> [TO DO]: Search the records for the word "legend" and copy every line in which it occurs.

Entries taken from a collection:
··········

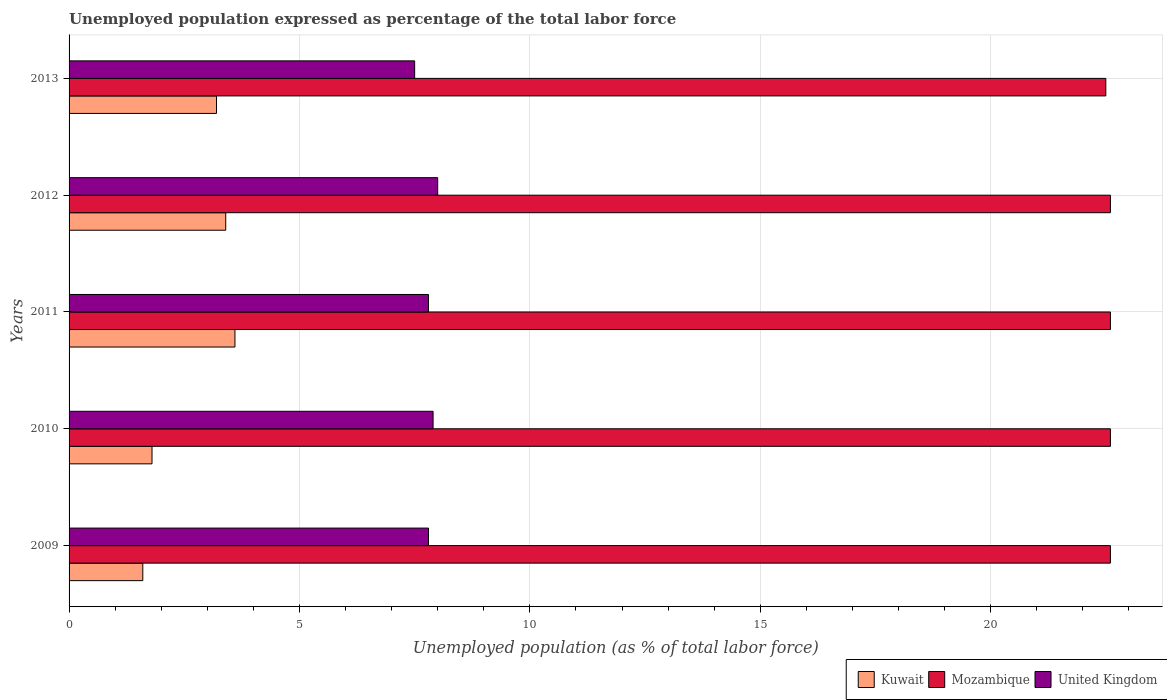How many different coloured bars are there?
Keep it short and to the point. 3. Are the number of bars per tick equal to the number of legend labels?
Offer a terse response. Yes. How many bars are there on the 3rd tick from the top?
Make the answer very short. 3. In how many cases, is the number of bars for a given year not equal to the number of legend labels?
Offer a terse response. 0. Across all years, what is the maximum unemployment in in Kuwait?
Offer a terse response. 3.6. Across all years, what is the minimum unemployment in in United Kingdom?
Your answer should be very brief. 7.5. What is the total unemployment in in Mozambique in the graph?
Your answer should be compact. 112.9. What is the difference between the unemployment in in Mozambique in 2009 and that in 2010?
Offer a very short reply. 0. What is the difference between the unemployment in in United Kingdom in 2010 and the unemployment in in Kuwait in 2011?
Provide a succinct answer. 4.3. What is the average unemployment in in United Kingdom per year?
Keep it short and to the point. 7.8. In the year 2012, what is the difference between the unemployment in in Kuwait and unemployment in in United Kingdom?
Your response must be concise. -4.6. What is the ratio of the unemployment in in United Kingdom in 2011 to that in 2012?
Keep it short and to the point. 0.98. What is the difference between the highest and the lowest unemployment in in Mozambique?
Provide a succinct answer. 0.1. In how many years, is the unemployment in in Mozambique greater than the average unemployment in in Mozambique taken over all years?
Give a very brief answer. 4. Is the sum of the unemployment in in United Kingdom in 2010 and 2013 greater than the maximum unemployment in in Kuwait across all years?
Your answer should be compact. Yes. What does the 1st bar from the bottom in 2011 represents?
Offer a very short reply. Kuwait. How many bars are there?
Make the answer very short. 15. Are all the bars in the graph horizontal?
Your answer should be very brief. Yes. Does the graph contain any zero values?
Offer a terse response. No. Does the graph contain grids?
Offer a very short reply. Yes. Where does the legend appear in the graph?
Keep it short and to the point. Bottom right. How many legend labels are there?
Provide a short and direct response. 3. What is the title of the graph?
Your answer should be compact. Unemployed population expressed as percentage of the total labor force. Does "Croatia" appear as one of the legend labels in the graph?
Provide a succinct answer. No. What is the label or title of the X-axis?
Provide a succinct answer. Unemployed population (as % of total labor force). What is the Unemployed population (as % of total labor force) in Kuwait in 2009?
Your answer should be very brief. 1.6. What is the Unemployed population (as % of total labor force) in Mozambique in 2009?
Your answer should be very brief. 22.6. What is the Unemployed population (as % of total labor force) in United Kingdom in 2009?
Your answer should be compact. 7.8. What is the Unemployed population (as % of total labor force) of Kuwait in 2010?
Give a very brief answer. 1.8. What is the Unemployed population (as % of total labor force) in Mozambique in 2010?
Your answer should be compact. 22.6. What is the Unemployed population (as % of total labor force) of United Kingdom in 2010?
Provide a short and direct response. 7.9. What is the Unemployed population (as % of total labor force) in Kuwait in 2011?
Provide a short and direct response. 3.6. What is the Unemployed population (as % of total labor force) in Mozambique in 2011?
Your answer should be very brief. 22.6. What is the Unemployed population (as % of total labor force) in United Kingdom in 2011?
Your answer should be compact. 7.8. What is the Unemployed population (as % of total labor force) of Kuwait in 2012?
Your answer should be very brief. 3.4. What is the Unemployed population (as % of total labor force) of Mozambique in 2012?
Provide a short and direct response. 22.6. What is the Unemployed population (as % of total labor force) of Kuwait in 2013?
Your response must be concise. 3.2. Across all years, what is the maximum Unemployed population (as % of total labor force) in Kuwait?
Offer a terse response. 3.6. Across all years, what is the maximum Unemployed population (as % of total labor force) in Mozambique?
Ensure brevity in your answer.  22.6. Across all years, what is the maximum Unemployed population (as % of total labor force) in United Kingdom?
Provide a succinct answer. 8. Across all years, what is the minimum Unemployed population (as % of total labor force) in Kuwait?
Give a very brief answer. 1.6. Across all years, what is the minimum Unemployed population (as % of total labor force) in Mozambique?
Offer a very short reply. 22.5. What is the total Unemployed population (as % of total labor force) in Kuwait in the graph?
Make the answer very short. 13.6. What is the total Unemployed population (as % of total labor force) of Mozambique in the graph?
Provide a short and direct response. 112.9. What is the total Unemployed population (as % of total labor force) of United Kingdom in the graph?
Offer a very short reply. 39. What is the difference between the Unemployed population (as % of total labor force) of United Kingdom in 2009 and that in 2010?
Your answer should be very brief. -0.1. What is the difference between the Unemployed population (as % of total labor force) of Mozambique in 2009 and that in 2011?
Your response must be concise. 0. What is the difference between the Unemployed population (as % of total labor force) in United Kingdom in 2009 and that in 2011?
Your answer should be compact. 0. What is the difference between the Unemployed population (as % of total labor force) in United Kingdom in 2009 and that in 2012?
Offer a terse response. -0.2. What is the difference between the Unemployed population (as % of total labor force) in Kuwait in 2010 and that in 2012?
Your response must be concise. -1.6. What is the difference between the Unemployed population (as % of total labor force) of Kuwait in 2010 and that in 2013?
Your answer should be very brief. -1.4. What is the difference between the Unemployed population (as % of total labor force) in Kuwait in 2011 and that in 2012?
Offer a very short reply. 0.2. What is the difference between the Unemployed population (as % of total labor force) of United Kingdom in 2011 and that in 2012?
Your answer should be compact. -0.2. What is the difference between the Unemployed population (as % of total labor force) of Mozambique in 2011 and that in 2013?
Keep it short and to the point. 0.1. What is the difference between the Unemployed population (as % of total labor force) in United Kingdom in 2011 and that in 2013?
Your response must be concise. 0.3. What is the difference between the Unemployed population (as % of total labor force) in Kuwait in 2012 and that in 2013?
Provide a short and direct response. 0.2. What is the difference between the Unemployed population (as % of total labor force) of Mozambique in 2012 and that in 2013?
Offer a very short reply. 0.1. What is the difference between the Unemployed population (as % of total labor force) in Kuwait in 2009 and the Unemployed population (as % of total labor force) in Mozambique in 2010?
Give a very brief answer. -21. What is the difference between the Unemployed population (as % of total labor force) in Kuwait in 2009 and the Unemployed population (as % of total labor force) in Mozambique in 2011?
Keep it short and to the point. -21. What is the difference between the Unemployed population (as % of total labor force) in Kuwait in 2009 and the Unemployed population (as % of total labor force) in United Kingdom in 2011?
Your answer should be very brief. -6.2. What is the difference between the Unemployed population (as % of total labor force) in Mozambique in 2009 and the Unemployed population (as % of total labor force) in United Kingdom in 2012?
Provide a short and direct response. 14.6. What is the difference between the Unemployed population (as % of total labor force) in Kuwait in 2009 and the Unemployed population (as % of total labor force) in Mozambique in 2013?
Your response must be concise. -20.9. What is the difference between the Unemployed population (as % of total labor force) of Kuwait in 2009 and the Unemployed population (as % of total labor force) of United Kingdom in 2013?
Your answer should be compact. -5.9. What is the difference between the Unemployed population (as % of total labor force) in Kuwait in 2010 and the Unemployed population (as % of total labor force) in Mozambique in 2011?
Offer a very short reply. -20.8. What is the difference between the Unemployed population (as % of total labor force) of Kuwait in 2010 and the Unemployed population (as % of total labor force) of Mozambique in 2012?
Give a very brief answer. -20.8. What is the difference between the Unemployed population (as % of total labor force) in Kuwait in 2010 and the Unemployed population (as % of total labor force) in United Kingdom in 2012?
Give a very brief answer. -6.2. What is the difference between the Unemployed population (as % of total labor force) in Kuwait in 2010 and the Unemployed population (as % of total labor force) in Mozambique in 2013?
Offer a terse response. -20.7. What is the difference between the Unemployed population (as % of total labor force) in Kuwait in 2010 and the Unemployed population (as % of total labor force) in United Kingdom in 2013?
Your answer should be very brief. -5.7. What is the difference between the Unemployed population (as % of total labor force) of Mozambique in 2010 and the Unemployed population (as % of total labor force) of United Kingdom in 2013?
Offer a very short reply. 15.1. What is the difference between the Unemployed population (as % of total labor force) in Kuwait in 2011 and the Unemployed population (as % of total labor force) in United Kingdom in 2012?
Your answer should be compact. -4.4. What is the difference between the Unemployed population (as % of total labor force) of Mozambique in 2011 and the Unemployed population (as % of total labor force) of United Kingdom in 2012?
Provide a succinct answer. 14.6. What is the difference between the Unemployed population (as % of total labor force) in Kuwait in 2011 and the Unemployed population (as % of total labor force) in Mozambique in 2013?
Your response must be concise. -18.9. What is the difference between the Unemployed population (as % of total labor force) of Kuwait in 2011 and the Unemployed population (as % of total labor force) of United Kingdom in 2013?
Give a very brief answer. -3.9. What is the difference between the Unemployed population (as % of total labor force) of Kuwait in 2012 and the Unemployed population (as % of total labor force) of Mozambique in 2013?
Give a very brief answer. -19.1. What is the average Unemployed population (as % of total labor force) of Kuwait per year?
Ensure brevity in your answer.  2.72. What is the average Unemployed population (as % of total labor force) in Mozambique per year?
Provide a short and direct response. 22.58. In the year 2009, what is the difference between the Unemployed population (as % of total labor force) in Kuwait and Unemployed population (as % of total labor force) in Mozambique?
Offer a terse response. -21. In the year 2009, what is the difference between the Unemployed population (as % of total labor force) in Mozambique and Unemployed population (as % of total labor force) in United Kingdom?
Offer a terse response. 14.8. In the year 2010, what is the difference between the Unemployed population (as % of total labor force) in Kuwait and Unemployed population (as % of total labor force) in Mozambique?
Give a very brief answer. -20.8. In the year 2010, what is the difference between the Unemployed population (as % of total labor force) of Kuwait and Unemployed population (as % of total labor force) of United Kingdom?
Keep it short and to the point. -6.1. In the year 2011, what is the difference between the Unemployed population (as % of total labor force) of Kuwait and Unemployed population (as % of total labor force) of United Kingdom?
Ensure brevity in your answer.  -4.2. In the year 2011, what is the difference between the Unemployed population (as % of total labor force) of Mozambique and Unemployed population (as % of total labor force) of United Kingdom?
Provide a short and direct response. 14.8. In the year 2012, what is the difference between the Unemployed population (as % of total labor force) of Kuwait and Unemployed population (as % of total labor force) of Mozambique?
Provide a succinct answer. -19.2. In the year 2012, what is the difference between the Unemployed population (as % of total labor force) in Mozambique and Unemployed population (as % of total labor force) in United Kingdom?
Give a very brief answer. 14.6. In the year 2013, what is the difference between the Unemployed population (as % of total labor force) of Kuwait and Unemployed population (as % of total labor force) of Mozambique?
Provide a short and direct response. -19.3. In the year 2013, what is the difference between the Unemployed population (as % of total labor force) of Mozambique and Unemployed population (as % of total labor force) of United Kingdom?
Provide a short and direct response. 15. What is the ratio of the Unemployed population (as % of total labor force) of United Kingdom in 2009 to that in 2010?
Make the answer very short. 0.99. What is the ratio of the Unemployed population (as % of total labor force) of Kuwait in 2009 to that in 2011?
Offer a terse response. 0.44. What is the ratio of the Unemployed population (as % of total labor force) in Kuwait in 2009 to that in 2012?
Provide a short and direct response. 0.47. What is the ratio of the Unemployed population (as % of total labor force) of Mozambique in 2009 to that in 2012?
Offer a very short reply. 1. What is the ratio of the Unemployed population (as % of total labor force) of Kuwait in 2010 to that in 2011?
Your response must be concise. 0.5. What is the ratio of the Unemployed population (as % of total labor force) in Mozambique in 2010 to that in 2011?
Provide a short and direct response. 1. What is the ratio of the Unemployed population (as % of total labor force) in United Kingdom in 2010 to that in 2011?
Provide a succinct answer. 1.01. What is the ratio of the Unemployed population (as % of total labor force) of Kuwait in 2010 to that in 2012?
Provide a succinct answer. 0.53. What is the ratio of the Unemployed population (as % of total labor force) of Mozambique in 2010 to that in 2012?
Provide a short and direct response. 1. What is the ratio of the Unemployed population (as % of total labor force) in United Kingdom in 2010 to that in 2012?
Give a very brief answer. 0.99. What is the ratio of the Unemployed population (as % of total labor force) of Kuwait in 2010 to that in 2013?
Your response must be concise. 0.56. What is the ratio of the Unemployed population (as % of total labor force) in United Kingdom in 2010 to that in 2013?
Give a very brief answer. 1.05. What is the ratio of the Unemployed population (as % of total labor force) in Kuwait in 2011 to that in 2012?
Offer a terse response. 1.06. What is the ratio of the Unemployed population (as % of total labor force) in Mozambique in 2011 to that in 2012?
Your answer should be very brief. 1. What is the ratio of the Unemployed population (as % of total labor force) in Kuwait in 2011 to that in 2013?
Make the answer very short. 1.12. What is the ratio of the Unemployed population (as % of total labor force) in Mozambique in 2011 to that in 2013?
Provide a short and direct response. 1. What is the ratio of the Unemployed population (as % of total labor force) of United Kingdom in 2012 to that in 2013?
Your response must be concise. 1.07. What is the difference between the highest and the second highest Unemployed population (as % of total labor force) of Kuwait?
Your answer should be compact. 0.2. What is the difference between the highest and the second highest Unemployed population (as % of total labor force) in Mozambique?
Ensure brevity in your answer.  0. What is the difference between the highest and the lowest Unemployed population (as % of total labor force) of Kuwait?
Your answer should be very brief. 2. What is the difference between the highest and the lowest Unemployed population (as % of total labor force) in Mozambique?
Give a very brief answer. 0.1. What is the difference between the highest and the lowest Unemployed population (as % of total labor force) in United Kingdom?
Your response must be concise. 0.5.

··········

> [RESPONSE AREA]:
Keep it short and to the point. 3. Are the number of bars per tick equal to the number of legend labels?
Make the answer very short. 3. In how many cases, is the number of bars for a given year not equal to the number of legend labels?
Offer a very short reply. Yes. Where does the legend appear in the graph?
Keep it short and to the point. Bottom right. How many legend labels are there?
Your answer should be compact. Unemployed population expressed as percentage of the total labor force. Does "Croatia" appear as one of the legend labels in the graph?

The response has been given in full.